The triumph of Shane Keith Warne is of the rarest kind, of both substance and style together. At his best, he has the ruthlessness of a clinician and the flourish of a performer, and his bowling is simultaneously a technical and dramatic masterpiece. It was not enough for him to take a hat-trick; it had to be in an Ashes Test on the MCG. It was not enough for him to take 300 wickets; the 300th had to be accompanied by lightning and apocalyptic thunderclaps at the climax of another consummate and match-winning performance against South Africa at the SCG.

Thus in 1993 a theme was established for Warne's career: extraordinary performances, extraordinary production values. He was the cricketer of and for his times. Australia's finest moments, but also their worst, their most controversial, most splendid, most dramatic, most sordid, have all revolved around Warne. From the wretchedness of the bookmakers' scandal to the glory of the World Cup triumph, from the agony of a one-wicket defeat in Pakistan in 1994-95 to the ecstasy of a come-from-behind Ashes win in 1997, he was always the central character.

By cold statistics, Warne had not had such a profound influence on Australian cricket in his time as Dennis Lillee in his. Australia were already on the rise when Warne joined the team and, when they had their crowning moment, in the Caribbean in 1994-95, he was good, but not dominant. He takes fewer wickets per match than Lillee at a more profligate average. Moreover, Australia can and do win matches without him. But Warne's impact can never be understated. When he was first picked, cricket was under the tyranny of fast bowling and aching for another dimension. Soon enough, the world came to know that a man could take Test wickets by seduction as well as extortion.

And the legend grew, moment by moment, coup by coup, performance by performance. He made fools of good players, short work of fools. Australia's method was indestructibly simple: bat first, bowl last, win quickly. Always it was the stage that invigorated him as much as the challenge. For Victoria, who play in empty stadia, he averages more than 40. But for Australia, he has taken more than 350 wickets and, although projections for him to take 600 now seem fanciful, he is already by some margin the most successful spinner in Test history.

At length, intimations came of Warne's mortality.

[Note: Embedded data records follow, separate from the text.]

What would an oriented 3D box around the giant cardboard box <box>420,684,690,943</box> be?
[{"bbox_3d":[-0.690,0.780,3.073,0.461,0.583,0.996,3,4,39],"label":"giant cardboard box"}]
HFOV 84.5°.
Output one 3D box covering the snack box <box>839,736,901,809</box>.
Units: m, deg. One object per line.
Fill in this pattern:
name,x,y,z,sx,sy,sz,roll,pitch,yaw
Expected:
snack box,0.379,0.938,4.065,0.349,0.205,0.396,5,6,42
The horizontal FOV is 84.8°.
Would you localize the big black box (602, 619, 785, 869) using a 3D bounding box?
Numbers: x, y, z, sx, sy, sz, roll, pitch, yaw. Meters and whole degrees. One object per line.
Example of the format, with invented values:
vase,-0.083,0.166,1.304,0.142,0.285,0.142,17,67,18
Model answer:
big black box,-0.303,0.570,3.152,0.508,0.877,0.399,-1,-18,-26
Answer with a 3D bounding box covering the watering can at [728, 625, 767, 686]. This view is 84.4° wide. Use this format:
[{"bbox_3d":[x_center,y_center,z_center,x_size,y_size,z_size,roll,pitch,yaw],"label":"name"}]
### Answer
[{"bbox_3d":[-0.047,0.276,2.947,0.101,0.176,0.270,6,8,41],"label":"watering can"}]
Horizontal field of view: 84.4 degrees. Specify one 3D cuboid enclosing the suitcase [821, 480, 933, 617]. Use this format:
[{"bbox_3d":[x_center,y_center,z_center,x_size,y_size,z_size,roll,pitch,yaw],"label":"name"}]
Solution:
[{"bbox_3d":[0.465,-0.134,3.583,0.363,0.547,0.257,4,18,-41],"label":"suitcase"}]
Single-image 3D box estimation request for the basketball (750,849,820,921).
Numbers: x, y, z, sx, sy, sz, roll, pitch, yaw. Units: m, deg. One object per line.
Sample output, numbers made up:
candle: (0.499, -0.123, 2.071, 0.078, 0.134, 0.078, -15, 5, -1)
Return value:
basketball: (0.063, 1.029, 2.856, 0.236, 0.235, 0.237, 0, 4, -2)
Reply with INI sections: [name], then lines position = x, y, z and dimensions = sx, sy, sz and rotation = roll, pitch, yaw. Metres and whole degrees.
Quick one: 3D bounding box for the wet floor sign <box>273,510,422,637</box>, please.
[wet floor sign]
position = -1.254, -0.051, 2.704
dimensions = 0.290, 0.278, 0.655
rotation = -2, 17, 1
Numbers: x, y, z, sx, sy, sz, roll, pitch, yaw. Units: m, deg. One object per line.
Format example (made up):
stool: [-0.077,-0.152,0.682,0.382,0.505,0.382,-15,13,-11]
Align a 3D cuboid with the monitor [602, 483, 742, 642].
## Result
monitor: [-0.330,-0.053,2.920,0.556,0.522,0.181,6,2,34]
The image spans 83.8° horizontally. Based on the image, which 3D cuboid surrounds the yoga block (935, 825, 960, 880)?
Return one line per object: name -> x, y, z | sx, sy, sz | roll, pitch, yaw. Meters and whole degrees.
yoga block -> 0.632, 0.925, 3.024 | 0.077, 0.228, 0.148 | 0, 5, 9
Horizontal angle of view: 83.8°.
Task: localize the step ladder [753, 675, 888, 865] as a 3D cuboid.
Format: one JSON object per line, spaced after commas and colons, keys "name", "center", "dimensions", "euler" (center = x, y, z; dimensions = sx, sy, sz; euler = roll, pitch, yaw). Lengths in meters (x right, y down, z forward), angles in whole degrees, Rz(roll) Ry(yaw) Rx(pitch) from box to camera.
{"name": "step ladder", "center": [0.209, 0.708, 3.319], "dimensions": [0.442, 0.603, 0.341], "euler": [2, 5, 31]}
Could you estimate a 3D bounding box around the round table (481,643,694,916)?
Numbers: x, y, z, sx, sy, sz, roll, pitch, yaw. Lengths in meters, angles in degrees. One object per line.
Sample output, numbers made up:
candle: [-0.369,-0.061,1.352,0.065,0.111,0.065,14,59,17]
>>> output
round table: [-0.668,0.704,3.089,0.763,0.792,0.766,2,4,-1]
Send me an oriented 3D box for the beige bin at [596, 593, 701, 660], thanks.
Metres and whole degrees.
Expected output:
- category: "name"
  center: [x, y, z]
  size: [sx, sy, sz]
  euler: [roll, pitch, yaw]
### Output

Wear, tear and public glare took a toll, Variously, the fitness of his finger, shoulder, stomach, ethics and manners for Test cricket were called into question, but not until recently, when he returned too hastily from shoulder surgery, was his capability doubted.

Physically, undoubtedly, his powers have declined, but not his hold on opponents. So it was that on the biggest stage of all, at the climax of the World Cup, at a moment when Australia looked impossibly behind, he came again. The only caveat on making him one of the cricketers of the 20th century is that he may yet figure in deliberations for the 21st.